First Chauncy D. Harris Distinguished Lectureship in geography at BYU Nov. 20

A professor of geography at the University of Oregon will give the first Chauncy D. Harris Distinguished Lectureship Thursday, Nov. 20, at 11 a.m. in 250 Spencer W. Kimball Tower on the Brigham Young University campus.

Alexander Murphy, the James F. and Shirley K. Rippey Chair in Liberal Arts and Sciences at the University of Oregon, will give two lectures, both sponsored by the BYU Geography Department.

Thursday's lecture is titled "Coping With a Changing World" and will focus on the current relevance of political geography.

The second lecture will discuss transboundary issues in Europe and will be Friday, Nov. 21, at 9 a.m. in 250 Spencer W. Kimball Tower. The second lecture is co-sponsored by BYU's Center for the Study of Europe.

The lectureship was established by the BYU Geography Department through an endowment from Harris, his wife Edith, their daughter Margaret and her husband Phillip A. Strauss Jr.

The annual lectureship will be given by a distinguished geographer who will spend a few days on campus lecturing, teaching, advising and visiting with students and faculty in the department.

Harris graduated from BYU in 1933 at the age of 19. He was BYU's first Rhodes Scholar and was also valedictorian of his graduating class. He earned a second bachelor's degree in geography from Oxford and a doctorate degree in geography from the University of Chicago.

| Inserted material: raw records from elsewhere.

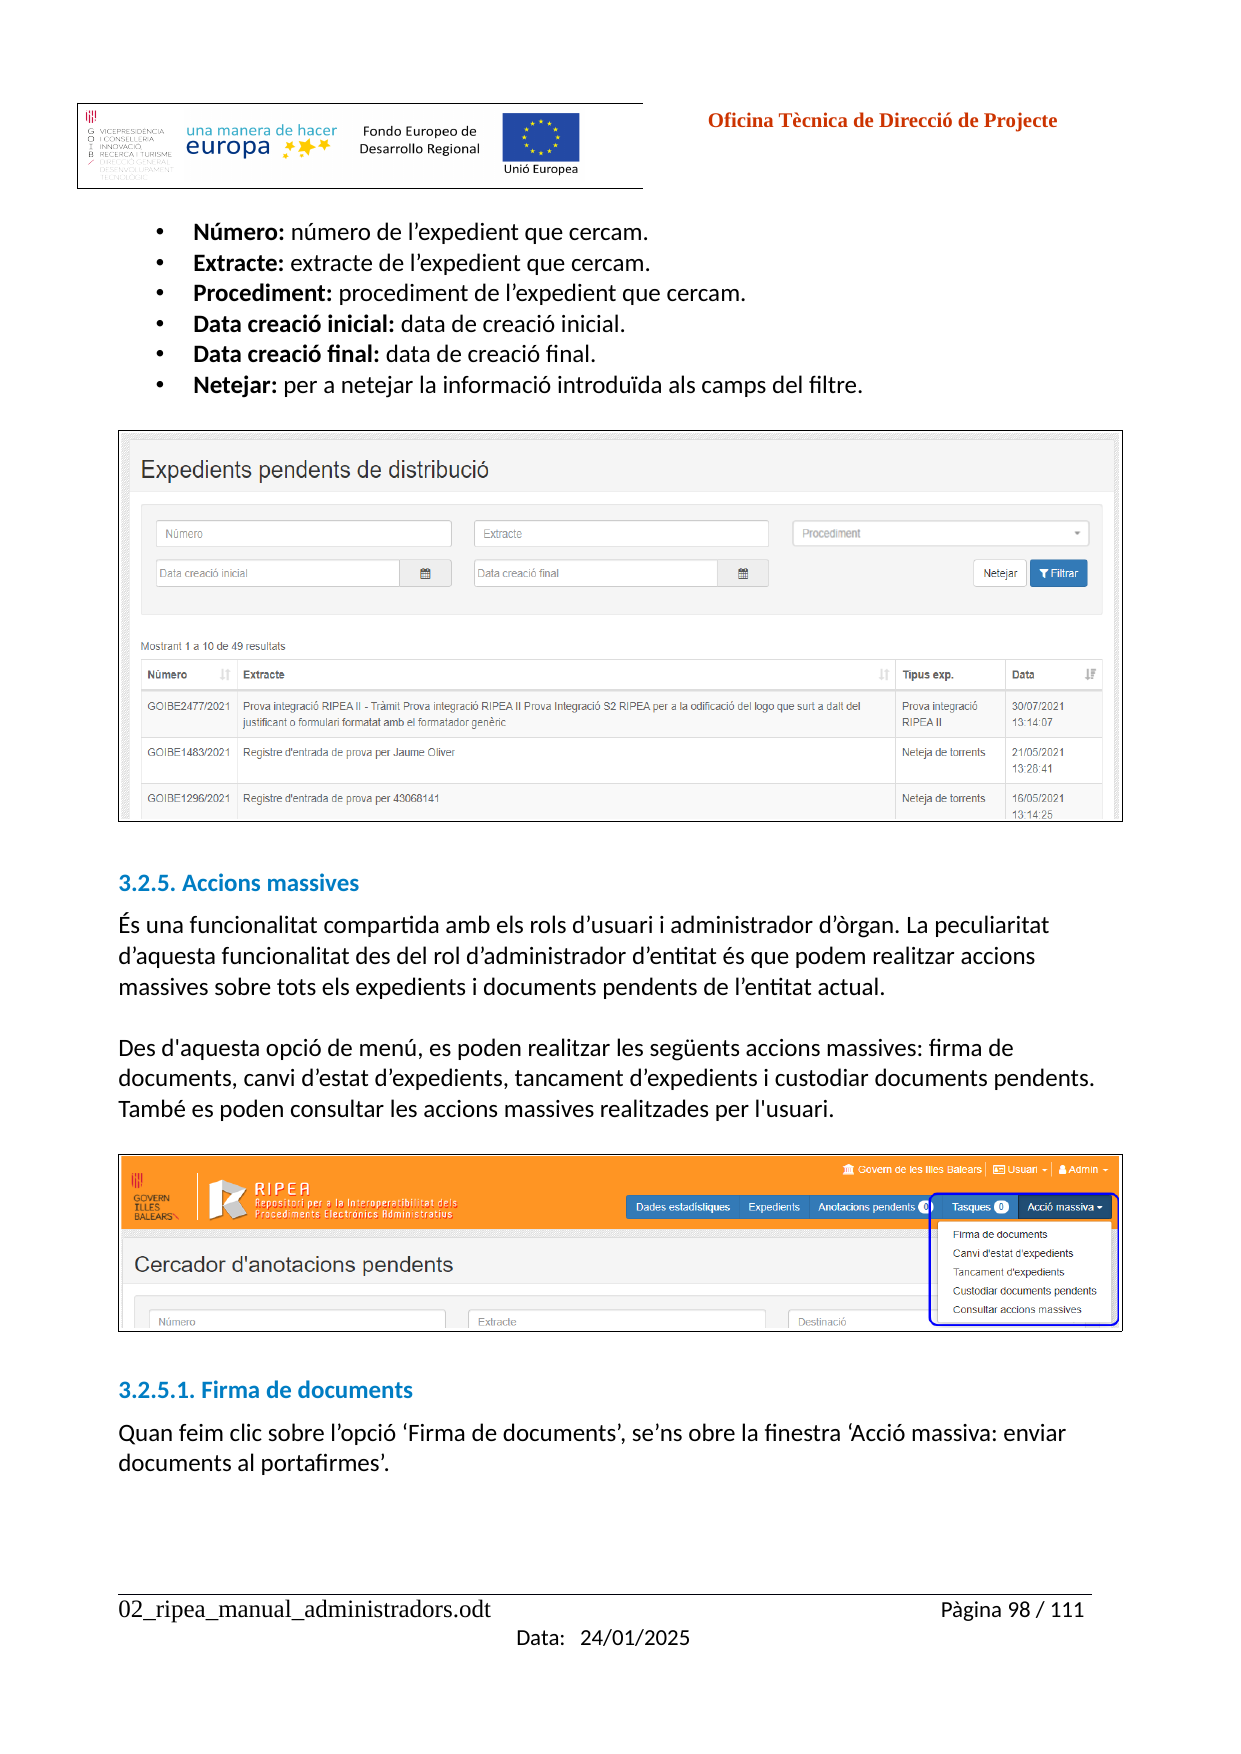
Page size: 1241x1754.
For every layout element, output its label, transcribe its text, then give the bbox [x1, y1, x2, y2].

picture [121, 433, 1119, 819]
text Quan feim clic sobre l’opció ‘Firma de documents’, se’ns obre la finestra ‘Acció massiva: enviar documents al portafirmes’. [118, 1417, 1122, 1478]
list Netejar: per a netejar la informació introduïda als camps del filtre. [156, 369, 1122, 399]
picture [82, 108, 178, 182]
list Extracte: extracte de l’expedient que cercam. [156, 247, 1122, 277]
picture [121, 1156, 1119, 1328]
subtitle 3.2.5.1. Firma de documents [118, 1374, 1122, 1404]
list Procediment: procediment de l’expedient que cercam. [156, 277, 1122, 308]
list Data creació final: data de creació final. [156, 338, 1122, 369]
picture [184, 108, 585, 182]
text Des d'aquesta opció de menú, es poden realitzar les següents accions massives: firma de documents, canvi d’estat d’expedients, tancament d’expedients i custodiar documents pendents. També es poden consultar les accions massives realitzades per l'usuari. [118, 1032, 1122, 1123]
subtitle 3.2.5. Accions massives [118, 867, 1122, 897]
list Data creació inicial: data de creació inicial. [156, 308, 1122, 338]
list Número: número de l’expedient que cercam. [156, 216, 1122, 247]
text És una funcionalitat compartida amb els rols d’usuari i administrador d’òrgan. La peculiaritat d’aquesta funcionalitat des del rol d’administrador d’entitat és que podem realitzar accions massives sobre tots els expedients i documents pendents de l’entitat actual. [118, 910, 1122, 1001]
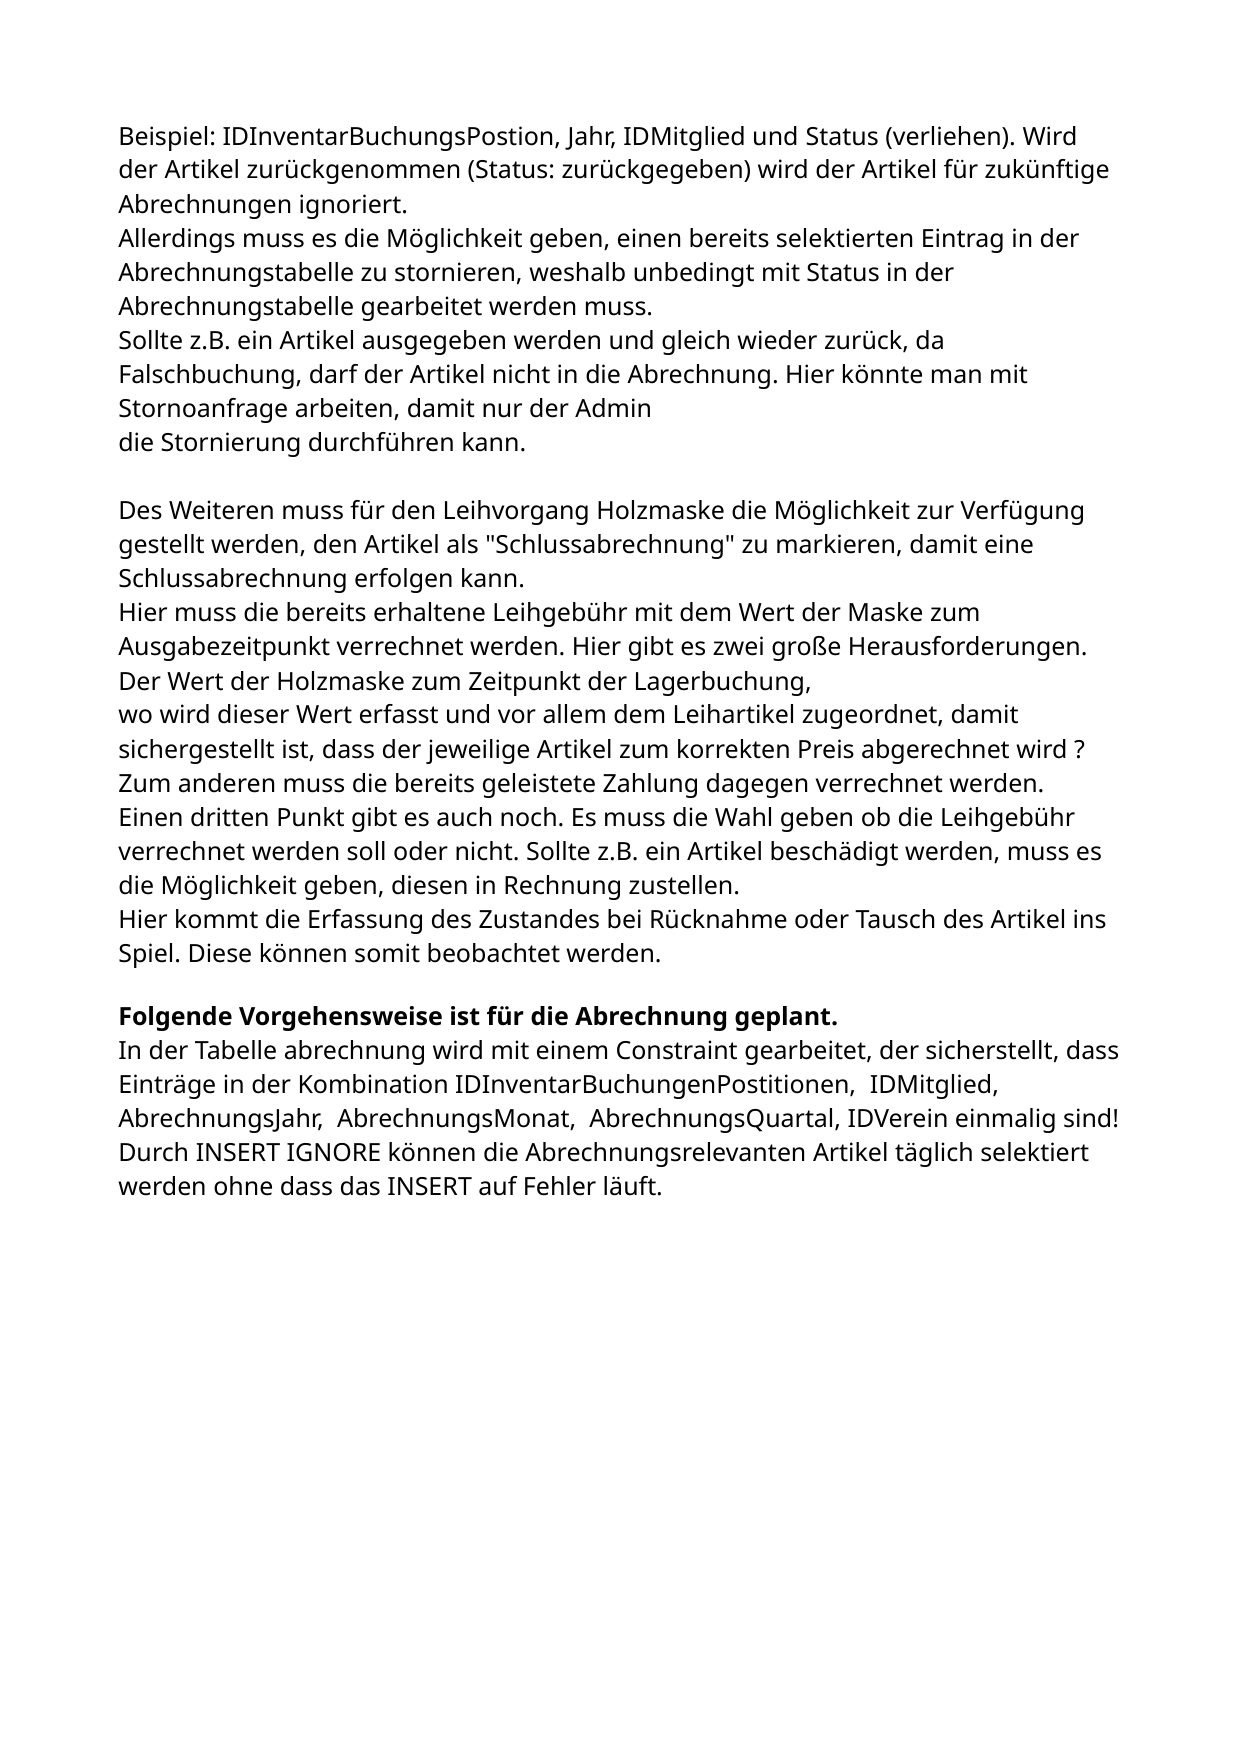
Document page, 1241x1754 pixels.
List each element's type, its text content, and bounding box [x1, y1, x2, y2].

He has taught at Indiana University, the University of Nebraska, and the University of Chicago. His work on urban geography and the geography of Russia is highly regarded in the academic community.

Harris is the son of Franklin S. Harris, who served as president of BYU from 1921-45.

Murphy was a student of Harris at the University of Chicago and is now serving as president of the Association of American Geographers. He is widely noted for his work on Belgium, European integration, minority group aspirations and the evolving nature of the state.